Are you saying to set up automation on the Chemical Details to automatically re-direct to the New Lots Form? Something that would basically just make the Chemical Details page blink on and then move to the New Lots Form without user interaction? If so, how would the automation be set up?

Thanks again for the interest in my little project. You guys have a pretty stellar team who obviously are deeply invested in the success of your customers.

Thanks again,
JC

hi @JCoop,

My only concern was that looking up the chemical, in a multi user app, on the second screen (or any screen for that matter) could give you he wrong chemical. I usually recommend that you look it up with more than just the name or just TRUE/FALSE. As it is FINDLASTROW() will return the last thing you entered, but if you have two people entering records you could be editing other person's record.

LMK if this makes sense.
Cheers,
DT.

So maybe combine FINDLASTROW() and the user? What would that formula look like?

Thanks again for your help!

JCoop

hi @JCoop,

Here is an example of a formula that I generally use:

=FINDLASTROW(MeetingRequest,"MeetingRequest[Title]=% AND MeetingRequest[CreatedBy]=% AND MeetingRequest[CreatedOn]=%",$[Title],$[CreatedBy],$[CreatedOn])

In this case I basically look up the MeetingRequest by Title, CreatedBy and CreatedOn. So I get the request that meets the Title, as well as who created it and when it was created.

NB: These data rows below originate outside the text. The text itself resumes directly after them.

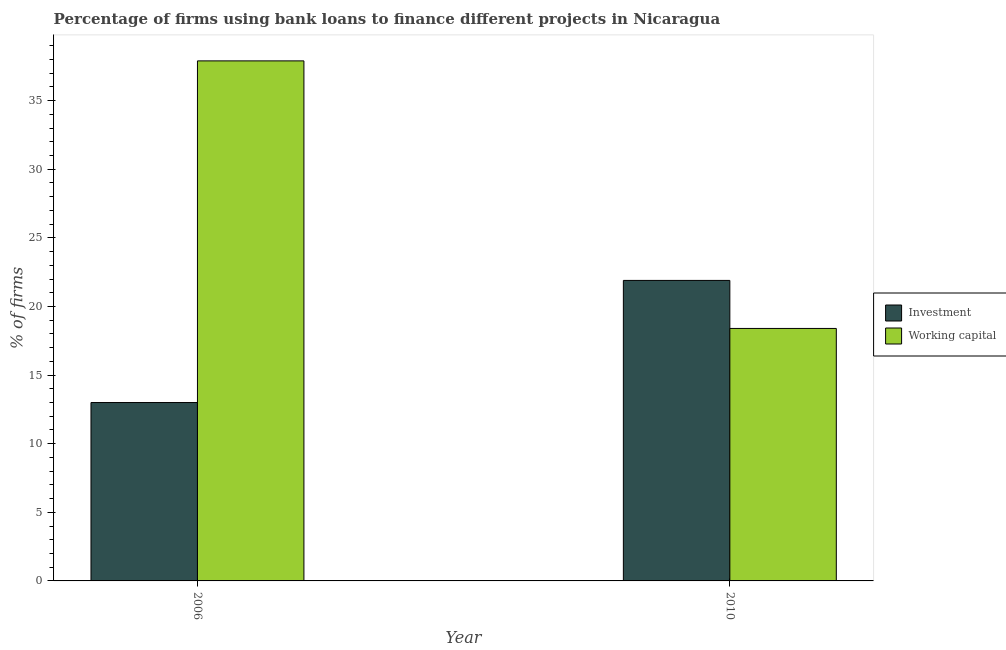How many different coloured bars are there?
Your response must be concise. 2. How many groups of bars are there?
Your answer should be compact. 2. Are the number of bars on each tick of the X-axis equal?
Your answer should be compact. Yes. What is the label of the 1st group of bars from the left?
Provide a succinct answer. 2006. In how many cases, is the number of bars for a given year not equal to the number of legend labels?
Provide a succinct answer. 0. Across all years, what is the maximum percentage of firms using banks to finance investment?
Make the answer very short. 21.9. Across all years, what is the minimum percentage of firms using banks to finance working capital?
Make the answer very short. 18.4. In which year was the percentage of firms using banks to finance investment minimum?
Give a very brief answer. 2006. What is the total percentage of firms using banks to finance investment in the graph?
Provide a short and direct response. 34.9. What is the difference between the percentage of firms using banks to finance working capital in 2006 and that in 2010?
Keep it short and to the point. 19.5. What is the difference between the percentage of firms using banks to finance working capital in 2010 and the percentage of firms using banks to finance investment in 2006?
Your response must be concise. -19.5. What is the average percentage of firms using banks to finance investment per year?
Provide a short and direct response. 17.45. In the year 2010, what is the difference between the percentage of firms using banks to finance investment and percentage of firms using banks to finance working capital?
Make the answer very short. 0. What is the ratio of the percentage of firms using banks to finance investment in 2006 to that in 2010?
Offer a terse response. 0.59. In how many years, is the percentage of firms using banks to finance working capital greater than the average percentage of firms using banks to finance working capital taken over all years?
Keep it short and to the point. 1. What does the 2nd bar from the left in 2010 represents?
Your answer should be compact. Working capital. What does the 2nd bar from the right in 2006 represents?
Provide a short and direct response. Investment. Are all the bars in the graph horizontal?
Offer a very short reply. No. What is the difference between two consecutive major ticks on the Y-axis?
Provide a short and direct response. 5. Does the graph contain any zero values?
Your answer should be very brief. No. How are the legend labels stacked?
Offer a terse response. Vertical. What is the title of the graph?
Offer a very short reply. Percentage of firms using bank loans to finance different projects in Nicaragua. What is the label or title of the X-axis?
Give a very brief answer. Year. What is the label or title of the Y-axis?
Your answer should be compact. % of firms. What is the % of firms of Investment in 2006?
Provide a short and direct response. 13. What is the % of firms in Working capital in 2006?
Your answer should be compact. 37.9. What is the % of firms of Investment in 2010?
Provide a short and direct response. 21.9. Across all years, what is the maximum % of firms of Investment?
Give a very brief answer. 21.9. Across all years, what is the maximum % of firms of Working capital?
Your response must be concise. 37.9. Across all years, what is the minimum % of firms of Working capital?
Make the answer very short. 18.4. What is the total % of firms of Investment in the graph?
Your response must be concise. 34.9. What is the total % of firms of Working capital in the graph?
Your response must be concise. 56.3. What is the difference between the % of firms in Investment in 2006 and the % of firms in Working capital in 2010?
Keep it short and to the point. -5.4. What is the average % of firms in Investment per year?
Give a very brief answer. 17.45. What is the average % of firms in Working capital per year?
Provide a short and direct response. 28.15. In the year 2006, what is the difference between the % of firms in Investment and % of firms in Working capital?
Keep it short and to the point. -24.9. In the year 2010, what is the difference between the % of firms in Investment and % of firms in Working capital?
Provide a short and direct response. 3.5. What is the ratio of the % of firms of Investment in 2006 to that in 2010?
Your answer should be compact. 0.59. What is the ratio of the % of firms in Working capital in 2006 to that in 2010?
Give a very brief answer. 2.06. What is the difference between the highest and the second highest % of firms of Investment?
Give a very brief answer. 8.9. What is the difference between the highest and the lowest % of firms in Working capital?
Keep it short and to the point. 19.5.

You can pass the three variables from screen 1 to screen 2; or you can lookup the row with FINDROW as described above and pass one variable to the $[InputRow] of the second screen.

Here is what this looks like in what would be my screen 1 (where I only add a few things to the Meeting request, and then pass to screen 2 to add more info to the Meeting request):

Hope this helps,
DT.

Thanks for the example! I will see what I can implement with this method.